- [Supplied data]:
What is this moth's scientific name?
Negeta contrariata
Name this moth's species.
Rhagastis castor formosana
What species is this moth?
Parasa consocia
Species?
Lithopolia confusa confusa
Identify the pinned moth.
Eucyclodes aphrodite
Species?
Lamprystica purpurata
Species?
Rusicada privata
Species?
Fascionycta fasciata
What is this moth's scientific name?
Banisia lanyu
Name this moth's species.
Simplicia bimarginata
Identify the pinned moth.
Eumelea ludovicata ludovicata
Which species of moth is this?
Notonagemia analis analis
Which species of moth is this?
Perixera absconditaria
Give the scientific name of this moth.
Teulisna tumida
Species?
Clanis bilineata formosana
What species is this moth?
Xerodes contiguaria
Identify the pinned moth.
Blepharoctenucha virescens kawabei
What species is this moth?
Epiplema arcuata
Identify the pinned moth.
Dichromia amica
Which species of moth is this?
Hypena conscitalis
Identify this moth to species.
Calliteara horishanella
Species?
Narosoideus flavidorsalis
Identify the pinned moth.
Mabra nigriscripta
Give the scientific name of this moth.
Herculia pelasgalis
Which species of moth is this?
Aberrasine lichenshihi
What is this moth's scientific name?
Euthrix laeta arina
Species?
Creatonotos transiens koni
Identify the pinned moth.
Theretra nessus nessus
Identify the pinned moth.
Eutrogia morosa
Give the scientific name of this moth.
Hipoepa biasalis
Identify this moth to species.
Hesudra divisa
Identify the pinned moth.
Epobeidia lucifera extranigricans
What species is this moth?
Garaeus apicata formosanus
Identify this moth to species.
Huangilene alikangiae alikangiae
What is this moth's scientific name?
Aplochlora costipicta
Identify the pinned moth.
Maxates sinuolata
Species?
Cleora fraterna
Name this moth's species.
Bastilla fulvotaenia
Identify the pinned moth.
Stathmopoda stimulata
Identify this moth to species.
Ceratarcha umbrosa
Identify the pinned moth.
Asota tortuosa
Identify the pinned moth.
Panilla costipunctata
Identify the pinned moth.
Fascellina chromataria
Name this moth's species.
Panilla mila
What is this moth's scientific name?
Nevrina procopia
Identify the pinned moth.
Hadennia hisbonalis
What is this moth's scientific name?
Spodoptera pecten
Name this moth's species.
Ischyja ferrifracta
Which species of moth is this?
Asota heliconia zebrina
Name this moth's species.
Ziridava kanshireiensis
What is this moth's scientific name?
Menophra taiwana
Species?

- [Instructions to follow]: Could you copy the listing above word for word?

- [Solved exercise]:
What is this moth's scientific name?
Negeta contrariata
Name this moth's species.
Rhagastis castor formosana
What species is this moth?
Parasa consocia
Species?
Lithopolia confusa confusa
Identify the pinned moth.
Eucyclodes aphrodite
Species?
Lamprystica purpurata
Species?
Rusicada privata
Species?
Fascionycta fasciata
What is this moth's scientific name?
Banisia lanyu
Name this moth's species.
Simplicia bimarginata
Identify the pinned moth.
Eumelea ludovicata ludovicata
Which species of moth is this?
Notonagemia analis analis
Which species of moth is this?
Perixera absconditaria
Give the scientific name of this moth.
Teulisna tumida
Species?
Clanis bilineata formosana
What species is this moth?
Xerodes contiguaria
Identify the pinned moth.
Blepharoctenucha virescens kawabei
What species is this moth?
Epiplema arcuata
Identify the pinned moth.
Dichromia amica
Which species of moth is this?
Hypena conscitalis
Identify this moth to species.
Calliteara horishanella
Species?
Narosoideus flavidorsalis
Identify the pinned moth.
Mabra nigriscripta
Give the scientific name of this moth.
Herculia pelasgalis
Which species of moth is this?
Aberrasine lichenshihi
What is this moth's scientific name?
Euthrix laeta arina
Species?
Creatonotos transiens koni
Identify the pinned moth.
Theretra nessus nessus
Identify the pinned moth.
Eutrogia morosa
Give the scientific name of this moth.
Hipoepa biasalis
Identify this moth to species.
Hesudra divisa
Identify the pinned moth.
Epobeidia lucifera extranigricans
What species is this moth?
Garaeus apicata formosanus
Identify this moth to species.
Huangilene alikangiae alikangiae
What is this moth's scientific name?
Aplochlora costipicta
Identify the pinned moth.
Maxates sinuolata
Species?
Cleora fraterna
Name this moth's species.
Bastilla fulvotaenia
Identify the pinned moth.
Stathmopoda stimulata
Identify this moth to species.
Ceratarcha umbrosa
Identify the pinned moth.
Asota tortuosa
Identify the pinned moth.
Panilla costipunctata
Identify the pinned moth.
Fascellina chromataria
Name this moth's species.
Panilla mila
What is this moth's scientific name?
Nevrina procopia
Identify the pinned moth.
Hadennia hisbonalis
What is this moth's scientific name?
Spodoptera pecten
Name this moth's species.
Ischyja ferrifracta
Which species of moth is this?
Asota heliconia zebrina
Name this moth's species.
Ziridava kanshireiensis
What is this moth's scientific name?
Menophra taiwana
Species?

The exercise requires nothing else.